A hot woman with candy. This is what heaven is filled with
That's when you crack a 10am beer
I like to use the word "seasoned" over "slutty", you know, like a good curly fry
I was also standing on my bed with a road cone pounding on the ceiling at 3am. Not sure why
Restaurants Roasting People Who Gave Them Negative Yelp Reviews (25 Pics)
I just couldn't help myself when there was a FOUNTAIN OF SHOTS
Well it looked like you were having a fucking apiphany sitting at the toilet with a t shirt around your head
be warned: you might find a baby hampster in my bra
Why is my hat full of peanuts?
Don't throw them out, I'm on my way
I needed 3am water. Not 3am shots of rum.

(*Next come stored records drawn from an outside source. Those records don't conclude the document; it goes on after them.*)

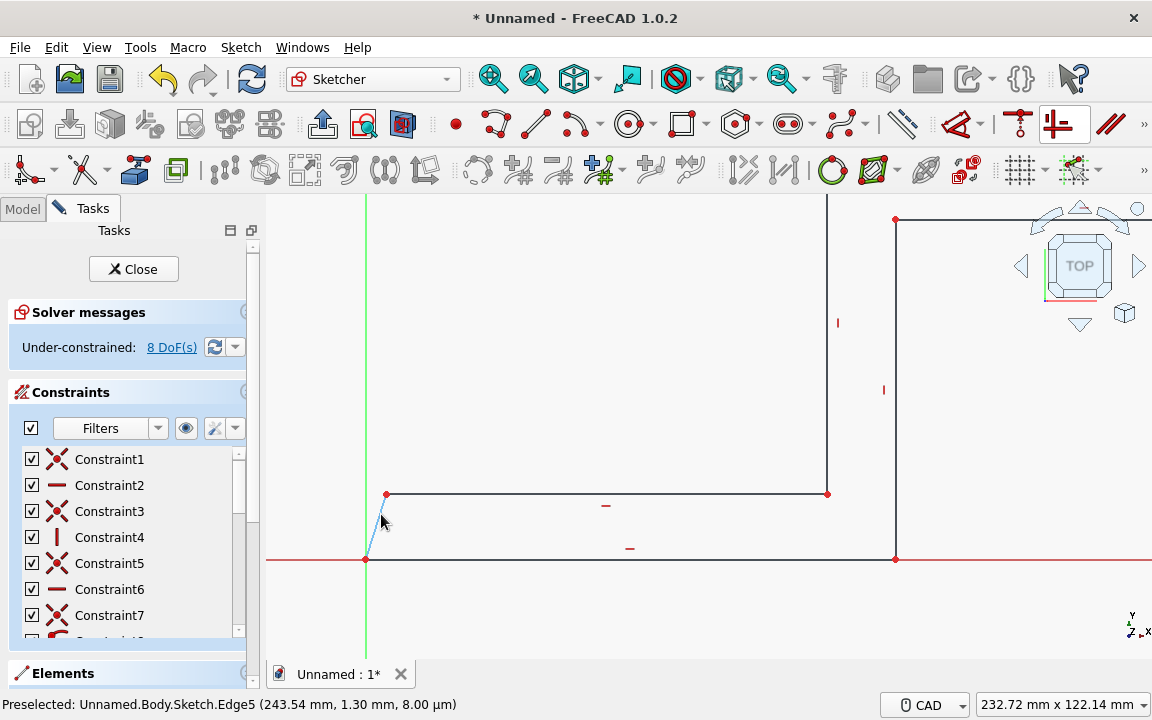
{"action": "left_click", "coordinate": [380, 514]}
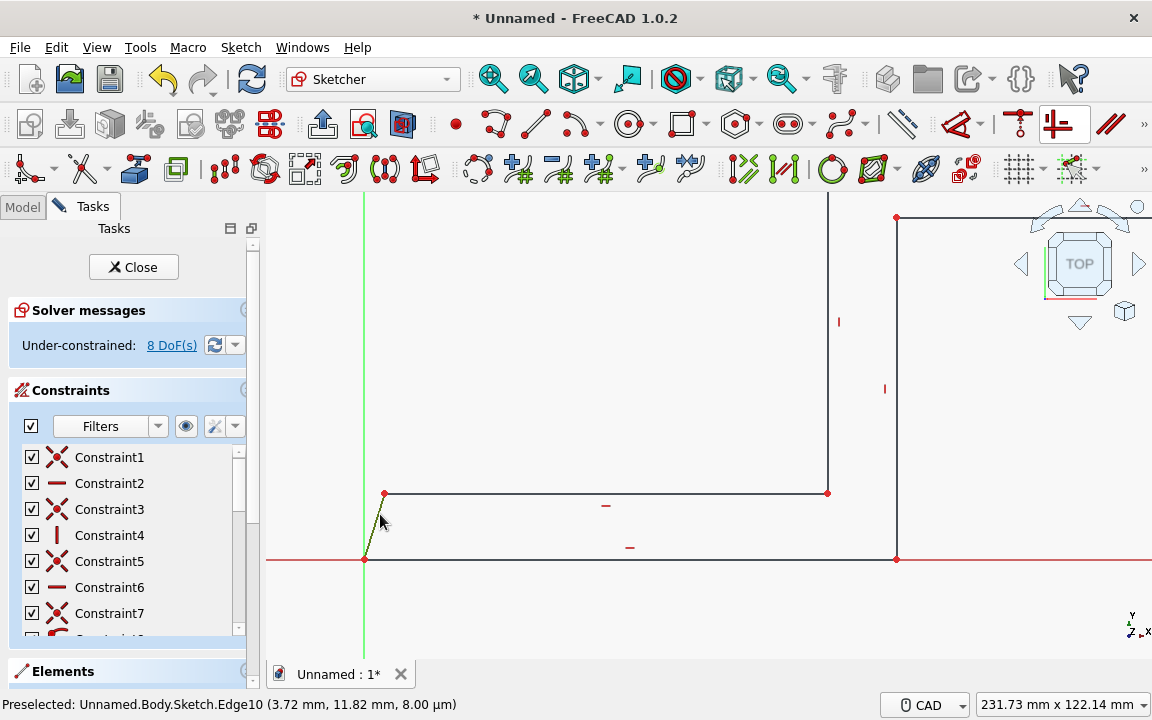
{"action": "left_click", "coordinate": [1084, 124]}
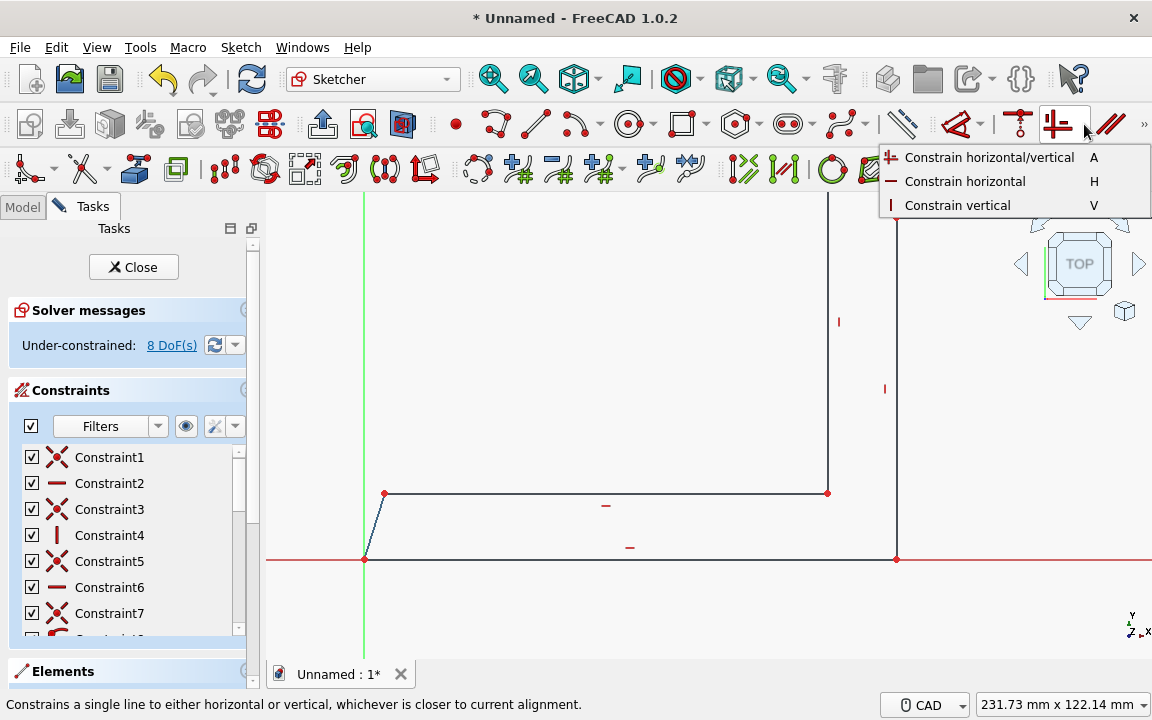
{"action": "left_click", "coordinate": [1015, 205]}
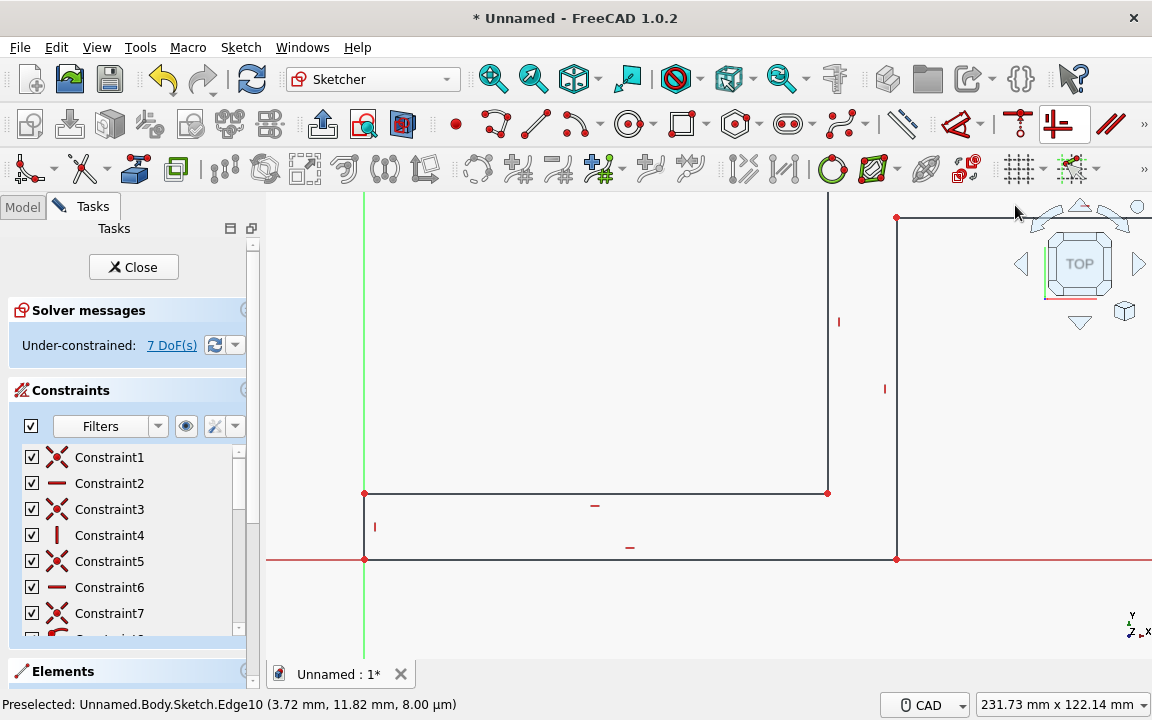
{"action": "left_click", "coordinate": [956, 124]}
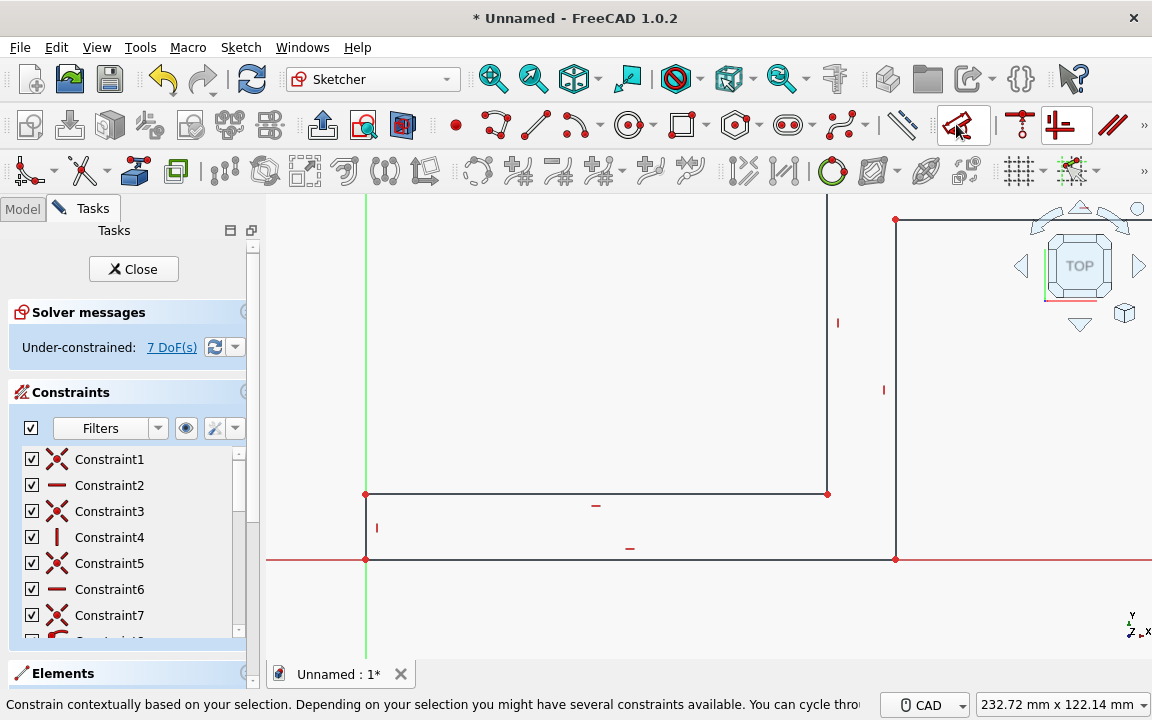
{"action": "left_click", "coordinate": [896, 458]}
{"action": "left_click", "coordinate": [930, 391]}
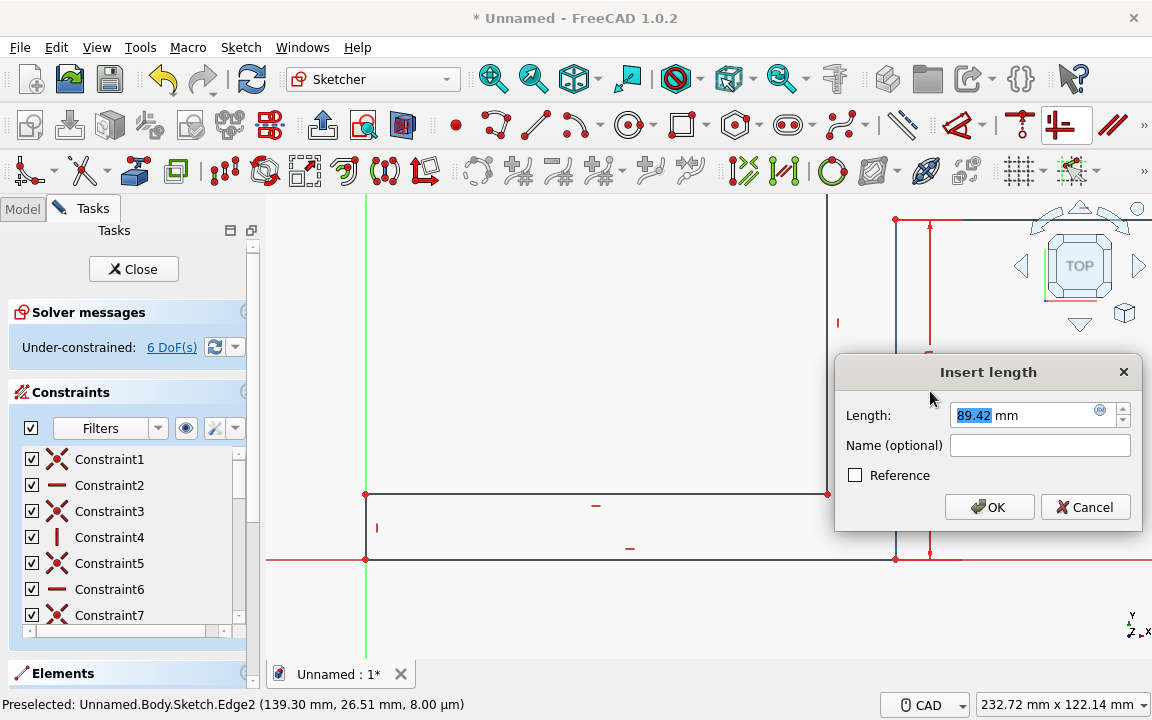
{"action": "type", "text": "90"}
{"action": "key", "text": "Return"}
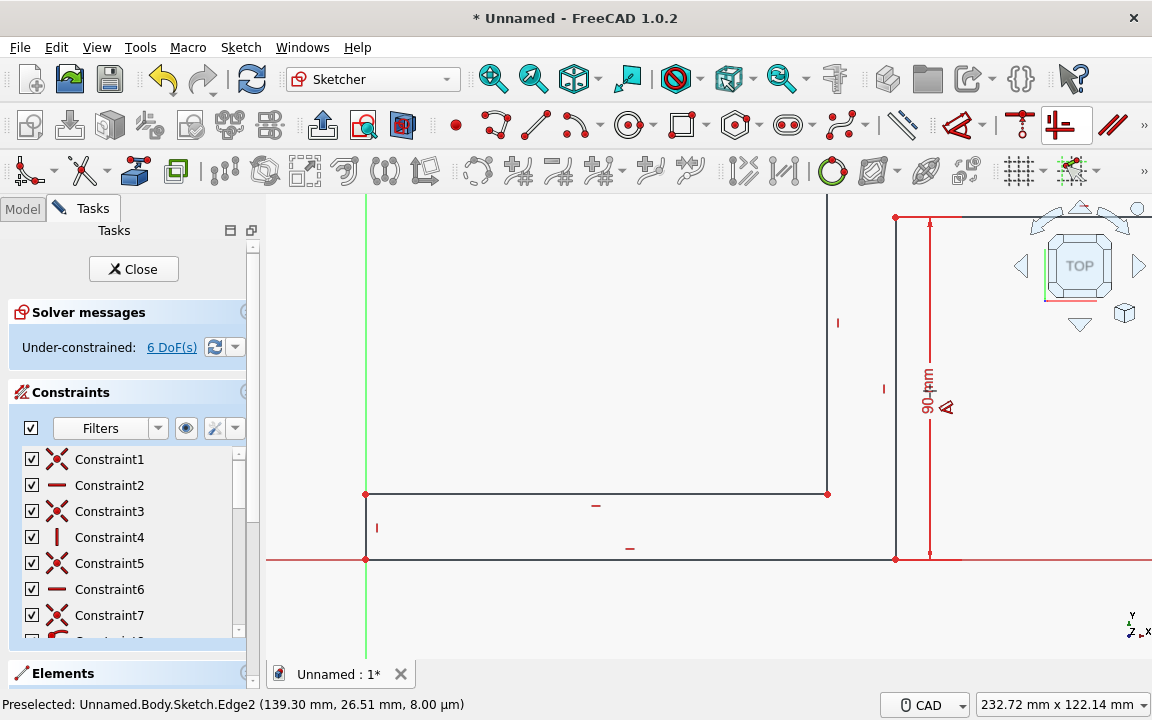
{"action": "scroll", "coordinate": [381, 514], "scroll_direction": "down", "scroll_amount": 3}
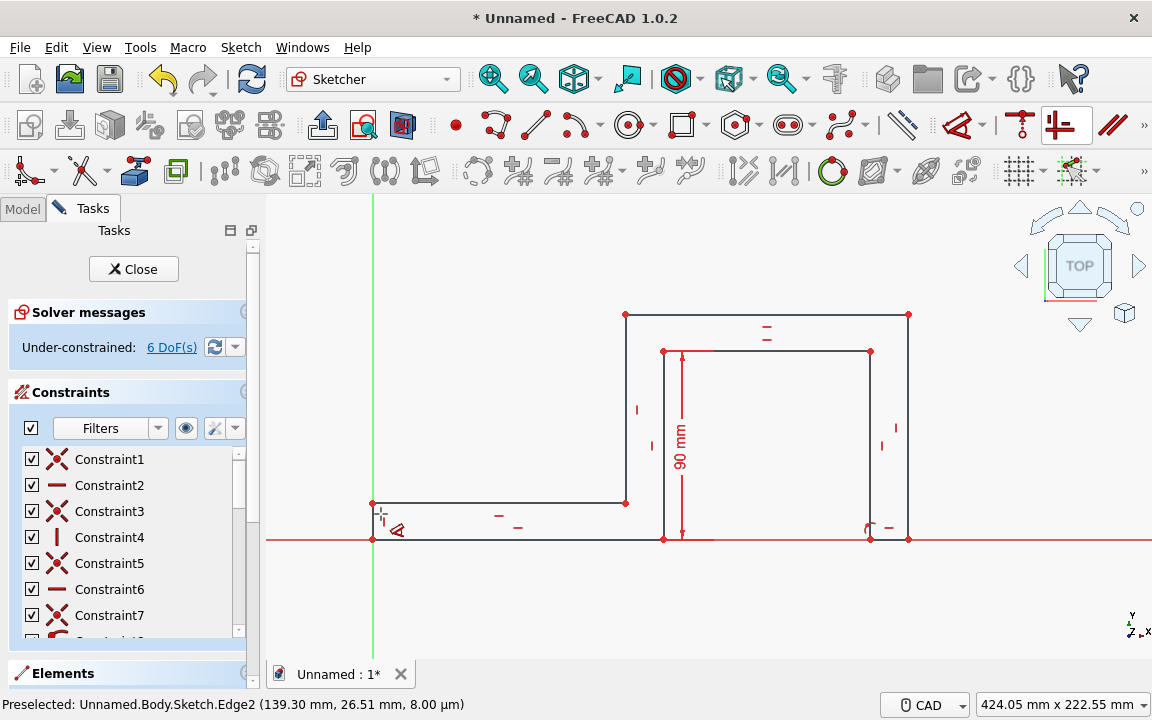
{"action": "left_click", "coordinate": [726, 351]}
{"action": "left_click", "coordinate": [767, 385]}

Woman Posts Harassing DMs From Creep Online, Now He’s Upset Because People Told His Mom
I got "plug" during family Catch Phrase and struggled to not make a reference to butt plug so I skipped it
Ok well i was gonna say you can only borrow my fog machine if you will use it to emerge from your room in a cloud of smoke after having sex with sarah, so yeah we're good
When we left, you were on your third beer. When we came back to grab you, you had a pint glass half full of whiskey and had convinced the band to give you a microphone.
THEYRE FUCKING GOLD
Are you talking about the color of my tits or the quality of my nudes cause both are
Something like; Dear Cupid, when are you going to send me someone to date that isn't a complete psychopath
Not to make this awkward, but if we ever have sex (perhaps drunkenly), all i'm gonna be able to think about is how sexy our kids would be.